# How Bizzare



## pchinvegas (Feb 10, 2013)

At 65 I just was contacted the other day by a lady who is my second cousin. This was exciting to me I never knew I had a cousin. She is on Ancestry and is digging into our family history. 
Now, talking about a can o' worms. 
My mother was to say least "certified crazy" . She was plagued with depression, anxiety, nervous breakdowns etc all our lives. We just dealt with it. Never knowing what any day would bring and all 3 of us left home as soon as possible, 2 of us at 15.
I now have documentation that my mother at 15 was involved in a murder.
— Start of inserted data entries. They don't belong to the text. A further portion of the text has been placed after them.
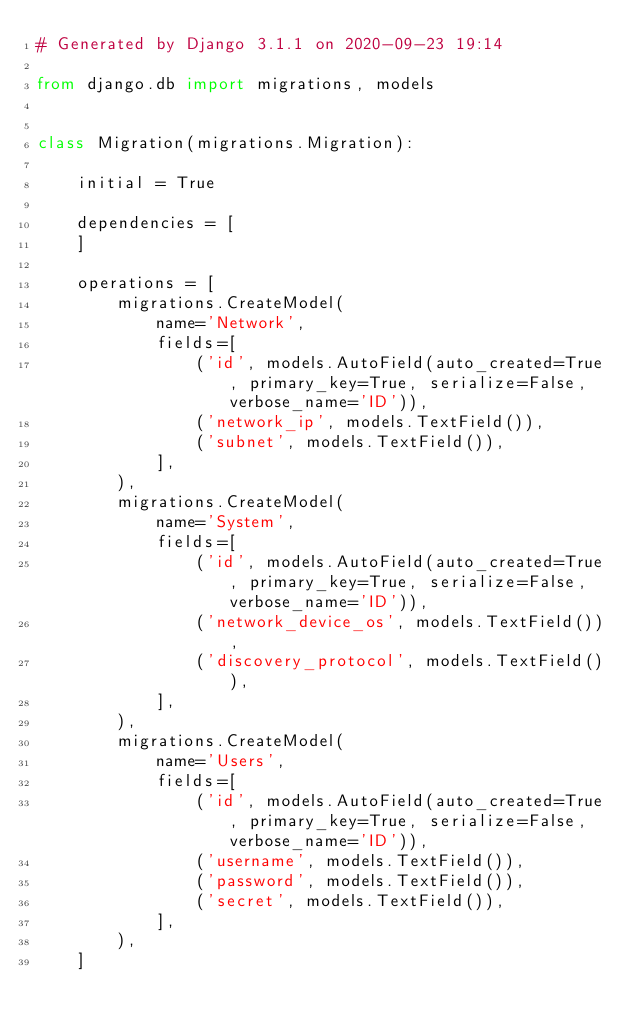Convert code to text. <code><loc_0><loc_0><loc_500><loc_500><_Python_># Generated by Django 3.1.1 on 2020-09-23 19:14

from django.db import migrations, models


class Migration(migrations.Migration):

    initial = True

    dependencies = [
    ]

    operations = [
        migrations.CreateModel(
            name='Network',
            fields=[
                ('id', models.AutoField(auto_created=True, primary_key=True, serialize=False, verbose_name='ID')),
                ('network_ip', models.TextField()),
                ('subnet', models.TextField()),
            ],
        ),
        migrations.CreateModel(
            name='System',
            fields=[
                ('id', models.AutoField(auto_created=True, primary_key=True, serialize=False, verbose_name='ID')),
                ('network_device_os', models.TextField()),
                ('discovery_protocol', models.TextField()),
            ],
        ),
        migrations.CreateModel(
            name='Users',
            fields=[
                ('id', models.AutoField(auto_created=True, primary_key=True, serialize=False, verbose_name='ID')),
                ('username', models.TextField()),
                ('password', models.TextField()),
                ('secret', models.TextField()),
            ],
        ),
    ]
</code> 
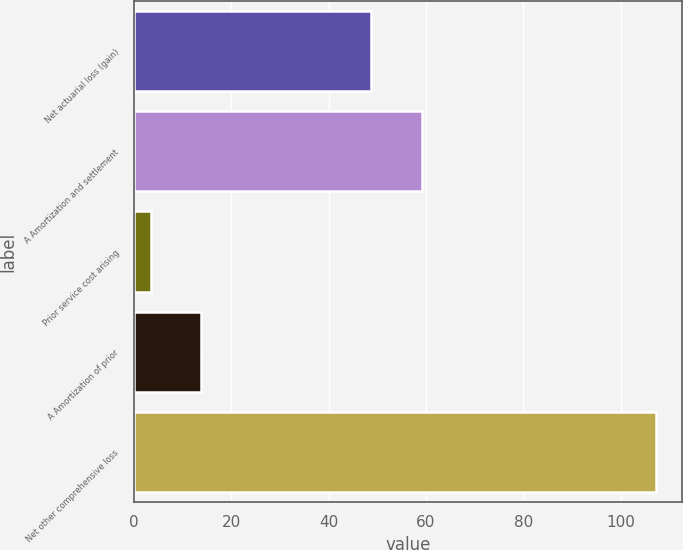Convert chart. <chart><loc_0><loc_0><loc_500><loc_500><bar_chart><fcel>Net actuarial loss (gain)<fcel>A Amortization and settlement<fcel>Prior service cost arising<fcel>A Amortization of prior<fcel>Net other comprehensive loss<nl><fcel>48.8<fcel>59.18<fcel>3.4<fcel>13.78<fcel>107.2<nl></chart> 
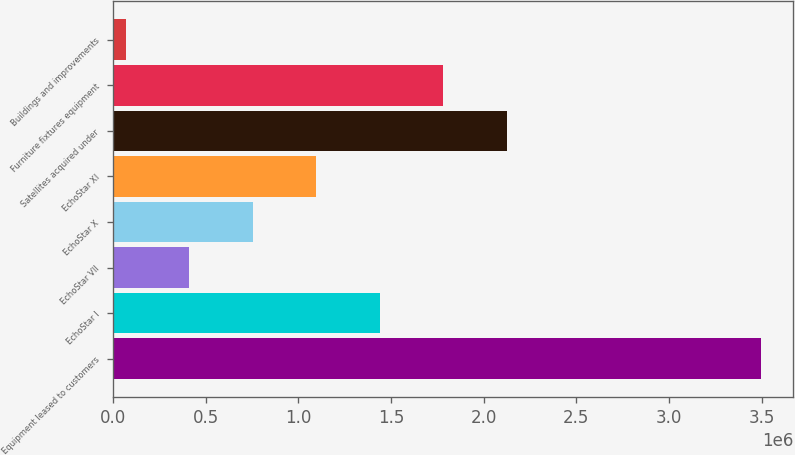<chart> <loc_0><loc_0><loc_500><loc_500><bar_chart><fcel>Equipment leased to customers<fcel>EchoStar I<fcel>EchoStar VII<fcel>EchoStar X<fcel>EchoStar XI<fcel>Satellites acquired under<fcel>Furniture fixtures equipment<fcel>Buildings and improvements<nl><fcel>3.49536e+06<fcel>1.44043e+06<fcel>412960<fcel>755449<fcel>1.09794e+06<fcel>2.1254e+06<fcel>1.78292e+06<fcel>70471<nl></chart> 
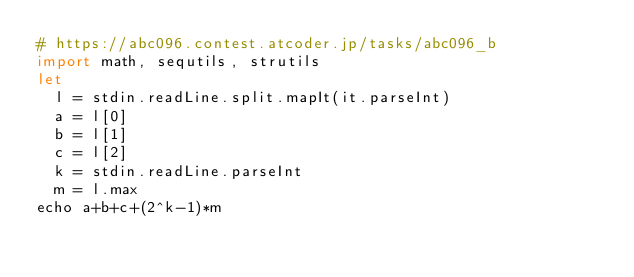<code> <loc_0><loc_0><loc_500><loc_500><_Nim_># https://abc096.contest.atcoder.jp/tasks/abc096_b
import math, sequtils, strutils
let
  l = stdin.readLine.split.mapIt(it.parseInt)
  a = l[0]
  b = l[1]
  c = l[2]
  k = stdin.readLine.parseInt
  m = l.max
echo a+b+c+(2^k-1)*m
</code> 
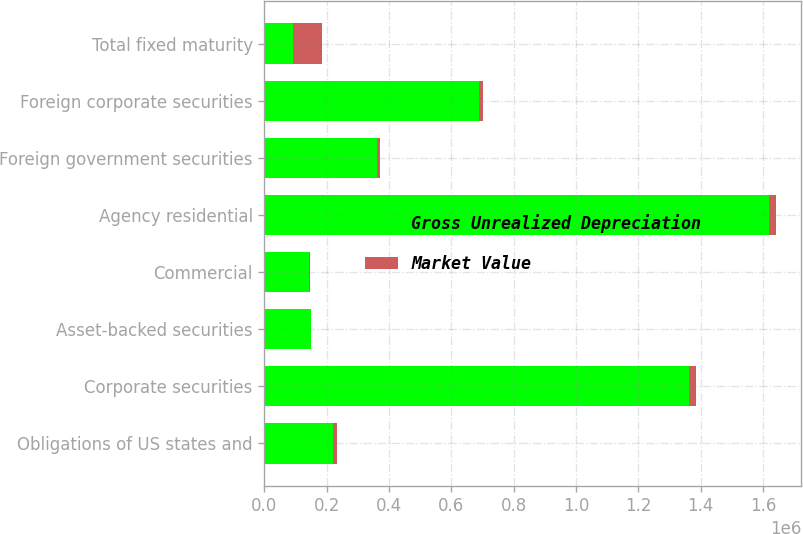<chart> <loc_0><loc_0><loc_500><loc_500><stacked_bar_chart><ecel><fcel>Obligations of US states and<fcel>Corporate securities<fcel>Asset-backed securities<fcel>Commercial<fcel>Agency residential<fcel>Foreign government securities<fcel>Foreign corporate securities<fcel>Total fixed maturity<nl><fcel>Gross Unrealized Depreciation<fcel>221088<fcel>1.36074e+06<fcel>150023<fcel>143554<fcel>1.61837e+06<fcel>360289<fcel>687599<fcel>91871<nl><fcel>Market Value<fcel>11486<fcel>24023<fcel>565<fcel>3223<fcel>22461<fcel>12041<fcel>12769<fcel>91871<nl></chart> 
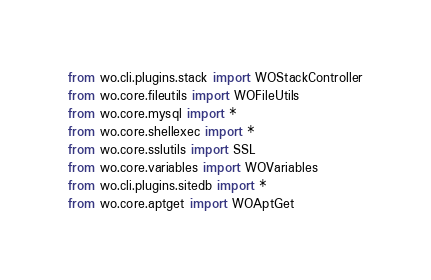Convert code to text. <code><loc_0><loc_0><loc_500><loc_500><_Python_>from wo.cli.plugins.stack import WOStackController
from wo.core.fileutils import WOFileUtils
from wo.core.mysql import *
from wo.core.shellexec import *
from wo.core.sslutils import SSL
from wo.core.variables import WOVariables
from wo.cli.plugins.sitedb import *
from wo.core.aptget import WOAptGet</code> 
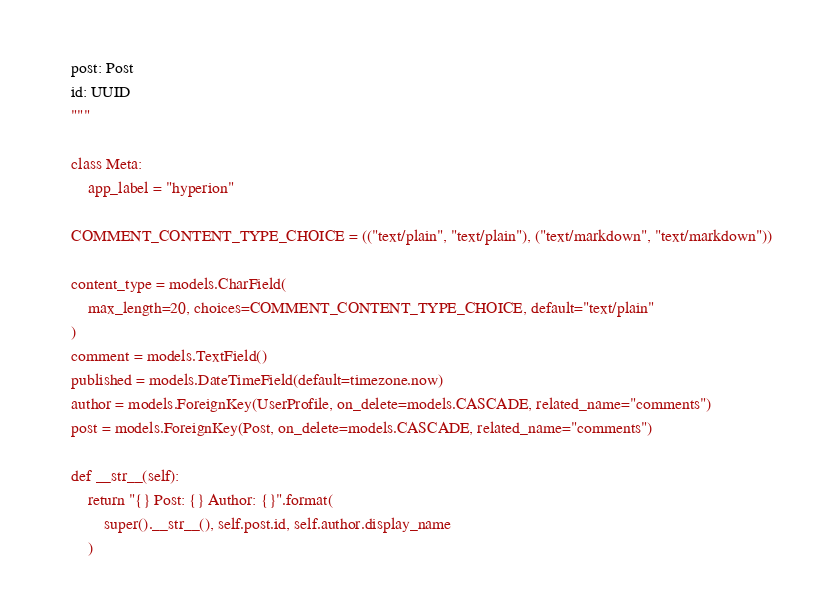Convert code to text. <code><loc_0><loc_0><loc_500><loc_500><_Python_>    post: Post
    id: UUID
    """

    class Meta:
        app_label = "hyperion"

    COMMENT_CONTENT_TYPE_CHOICE = (("text/plain", "text/plain"), ("text/markdown", "text/markdown"))

    content_type = models.CharField(
        max_length=20, choices=COMMENT_CONTENT_TYPE_CHOICE, default="text/plain"
    )
    comment = models.TextField()
    published = models.DateTimeField(default=timezone.now)
    author = models.ForeignKey(UserProfile, on_delete=models.CASCADE, related_name="comments")
    post = models.ForeignKey(Post, on_delete=models.CASCADE, related_name="comments")

    def __str__(self):
        return "{} Post: {} Author: {}".format(
            super().__str__(), self.post.id, self.author.display_name
        )
</code>

She and two other teens ran away, hitch a ride with a man whom they ended up killing and dumping his body! The boy plead to being the shooter and the girls we sent to a reform school.
It is really strange to look at pictures and read facts about  your mother from 1941. 
I have to say I am kinda dumb struck. 
My brothers and I always knew and consoled each other with the fact that we knew she was just not right but this is way out there.
After we left home none of us were close, there was just too much that had happened. I did keep in touch with her and called on a regular basis. She had remarried and moved from where we lived in the south to Michigan.
Crazy how the internet not only links us but also provides us with information that would have in the past never been available.
It may take me a day or two to figure out how I feel all I can think is the ol song " How Bizarre, How Bizarre" !


----------



## SeaBreeze (Feb 10, 2013)

I know the song, and that IS bizarre, for sure!  How do you know it's really true?  Did she ever mention reform school to you?


----------



## pchinvegas (Feb 10, 2013)

No, she didn't but her father, my grand father once told me she was involved in a murder but no one ever knew for sure who was really responsible. the pictures and and old newspaper articles from back then are pretty convincing.


----------



## R. Zimm (Feb 17, 2013)

Wow, that is really strange. As far as Internet Genealogy, I bet you are not alone and your story is likely only about a 7 on the 1-10 weirdness scale. Remember too that for every story like this there is another happy one so it all balances out.


----------



## pchinvegas (Feb 17, 2013)

R Zimm I cannot tell you how strange this is to realize you didn't even know and that the family that did know kept it a secret.


----------



## SeaBreeze (Feb 17, 2013)

Do you plan on starting a relationship with this gal that is your cousin, like meeting with her in person?


----------



## pchinvegas (Feb 18, 2013)

She lives in upstate New York. Have no idea if I'll get up there anytine soom but we have talked on the phone and e mail. But yes, if possible I'd love to meet her.


----------